Cent’anni fa nasceva “Ginettaccio” Bartali, amatissimo campione di un’Italia “profonda”

18 Lug 2014 14:42 - di Antonella Ambrosioni

“Quel naso triste come una salita, quegli occhi allegri da italiano in gita”. Sono i versi di Paolo Conte che forse meglio descrivono Gino Bartali, nell’omonima canzone del cantautore astigiano. Il campione amatissimo di un’Italia che non c’è più, avrebbe compiuto cent’anni il 18 luglio. Ma in fondo, gli occhi, lo sguardo e il carattere dell’ “intramontabile”, come veniva chiamato, hanno incarnato fin da giovane quell’anima antica dell’Italia che già  Curzio Malaparte riconosceva come l’imprinting di un’Italia profonda. «Istintivo e brontolone,  Bartali è parte di un’Italia rurale, antica e in estinzione». Curzio Malaparte scrisse nel 1947 una serie di articoli   su Coppi e Bartali, le «due facce dell’Italia» per il giornale Sport Digest, poi raccolti in un libro (ripubblicato in Italia da Adelphi) «Bartali è il campione di un mondo già scomparso, il sopravvissuto di una civiltà che la guerra ha ucciso: egli rappresenta quel romanticismo inquieto e inquietante che ha raggiunto l’apice fra le due guerre e perpetua nel mondo moderno lo spirito eroico della vecchia Europa. Coppi […] rappresenta lo spirito razionale, scientifico», scriveva l’autore de La pelle, amico di Ginpo Bartali Per “Ginettaccio”, schietto e burbero, parla chiaro il suo palmares: vent’anni sulle due ruote, 3 Giri d’Italia (1936, 1937, 1946), 2 Tour de France (1938, 1948) e 4 Milano-Sanremo (1939, 1940, 1947, 1950). E poi la storia, quella umana, durante e dopo la seconda guerra mondiale. Due volte vicino alla fucilazione, 800 cittadini ebrei salvati e una vittoria, quella del Tour del 1948 che, per molti, contribuì ad allentare il clima di tensione in Italia creatosi dopo l’attentato a Palmiro Togliatti. Su questo episodio fioccano le leggende, come la telefonata di Alcide De Gasperi e Giulio Andreotti: «La situazione è delicata, devi vincere». «Ci proverò» rispose lui, e ci riuscì.

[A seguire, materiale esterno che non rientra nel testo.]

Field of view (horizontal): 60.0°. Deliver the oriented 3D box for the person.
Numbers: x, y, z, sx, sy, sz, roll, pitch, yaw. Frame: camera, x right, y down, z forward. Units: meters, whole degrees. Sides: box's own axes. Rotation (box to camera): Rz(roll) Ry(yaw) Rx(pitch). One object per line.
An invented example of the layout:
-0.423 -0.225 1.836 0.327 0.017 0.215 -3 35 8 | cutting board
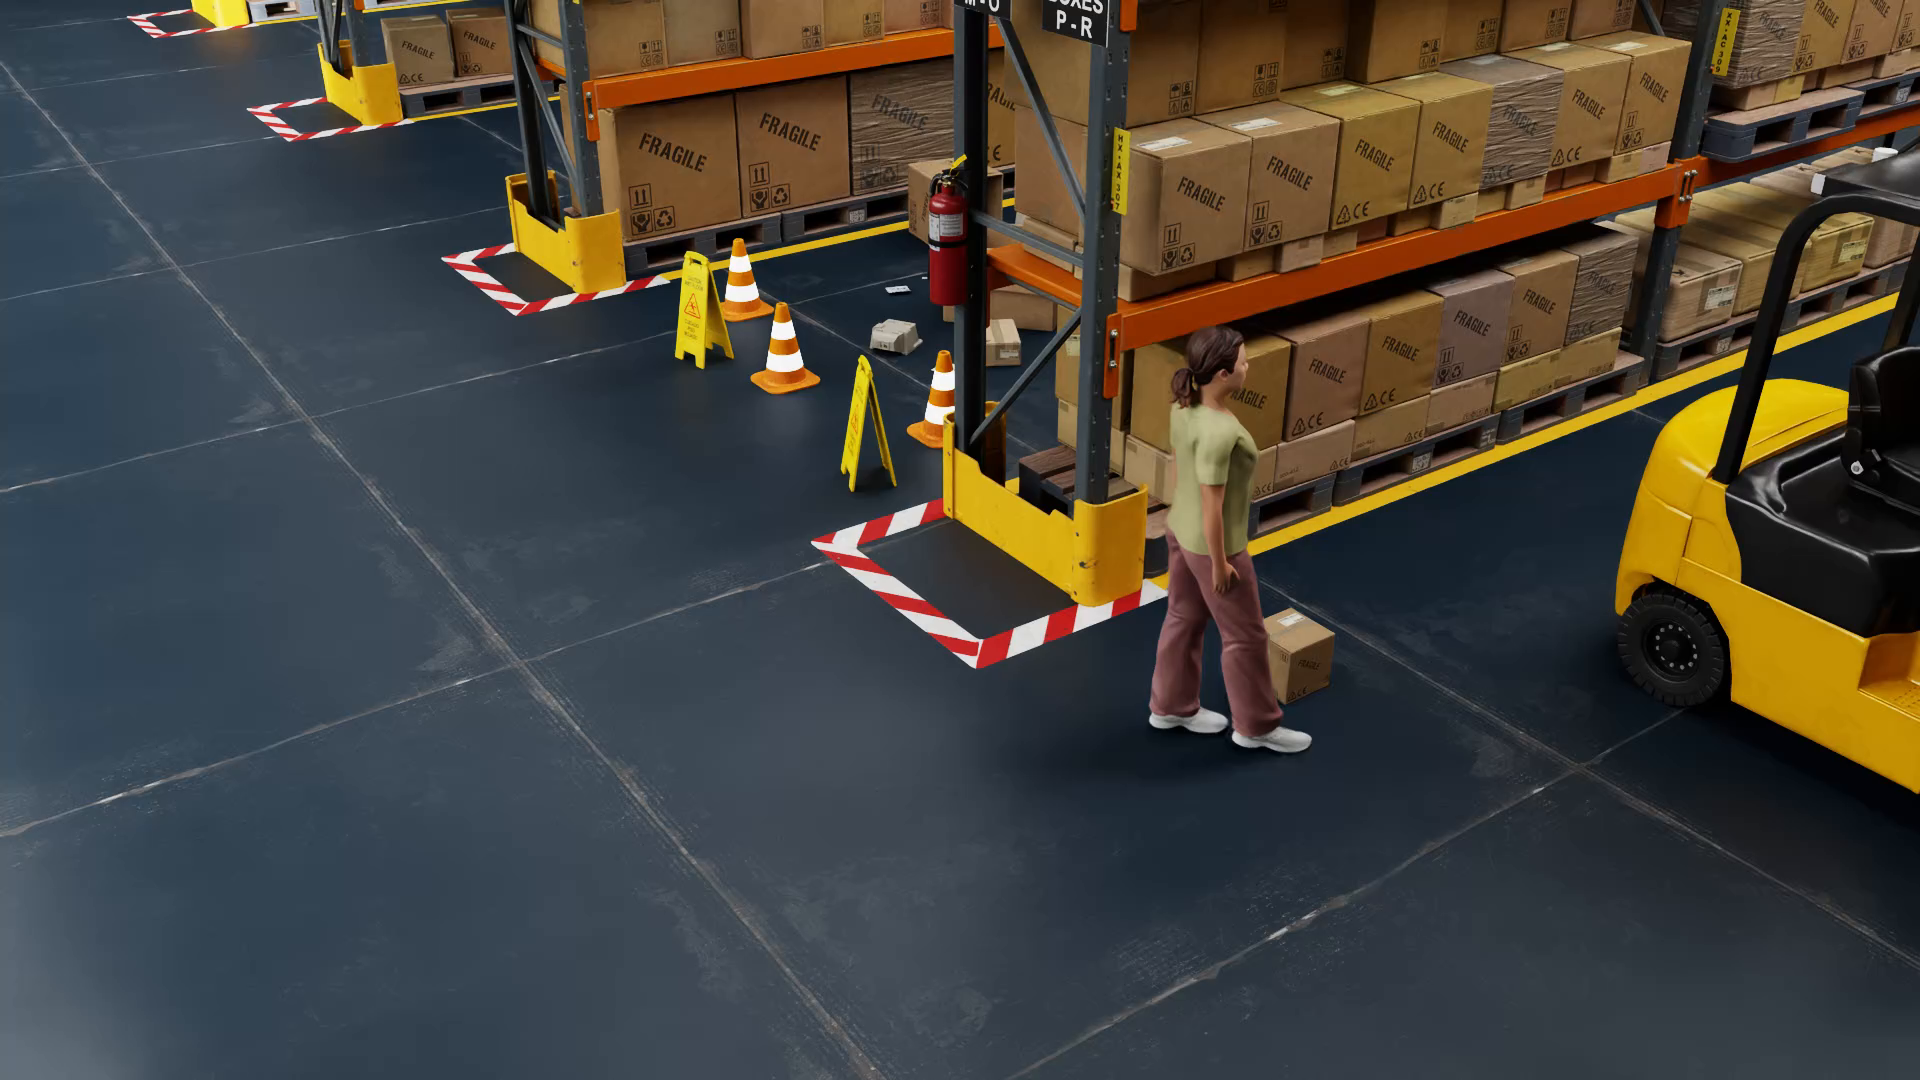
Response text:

Fu il protagonista indiscusso del ciclismo italiano e non solo. Poi arrivò un ragazzo di Alessandria come suo gregario, si chiamava Fausto Coppi. Due personaggi diversi, sui pedali e nel carattere. Due mondi. Cattolico e marito fedele il toscano, laico e amante della Dama bianca Coppi.  Avversari ma mai nemici. Storica la fotografia durante la tappa del 4 luglio 1952 al Tour de France, tra Losanna e Alpe d’ Huez. I due sono vicini, una borraccia passa di mano. Entrambi dichiaravano di essere stati i benefattori. Alla fine con la maglia gialla a Parigi ci arrivò Coppi, ma Bartali fino all’ultimo giorno di vita, il 5 maggio 2000, continuò a dire che fu lui a dissetare il rivale, aggiungendo che «altrimenti non arrivava al traguardo». Era così Gino, senza peli sulla lingua, aveva «il sangue nelle vene» scrisse Curzio Malaparte, «mentre in quelle di Fausto c’è benzina».

Il dualismo Bartali-Coppi ha segnato un’epoca, emblema di due Italie, due stili, due caratteri che i cultori degli antagonismi a tutti i costi hanno sempre esasperato, il Buono e il Cattivo, il cattolico e il laico, Camillo e Peppone, il democristiano e il liberal, il popolare e l’elitario. In realtà Bartali e Coppi hanno incarnato due modi complementari di essere italiani e non per forza antagonisti. «Questi due atleti perfetti, fra i più grandi che esistano, sono tanto diversi fra loro quanto possono esserlo due diverse rappresentazioni del mondo, due modi diversi di concepire l’universo e l’esistenza», scrisse ancora Malaparte. «Il duello fra questi due rivali, fra questi due nemici fraterni, è il più bello, il più puro, il più nobile al quale sarà mai dato di assistere. Lo sport internazionale forse non vedrà mai più, l’uno di fronte all’altro, due campioni che incarnino a tal punto i due aspetti essenziali del mondo moderno». Un ritratto magistrale. Sudore e gioia, fatica e soddisfazioni, grandi vittorie e cocenti sconfitte: salite e discese non hanno caratterizzato solo le gare di Gino Bartali, ma la sua stessa vita e Rai Uno ripropone per l’occasione la miniserie del 2006 dedicata al campione di ciclismo che ha emozionato milioni di italiani in un periodo cruciale della nostra storia.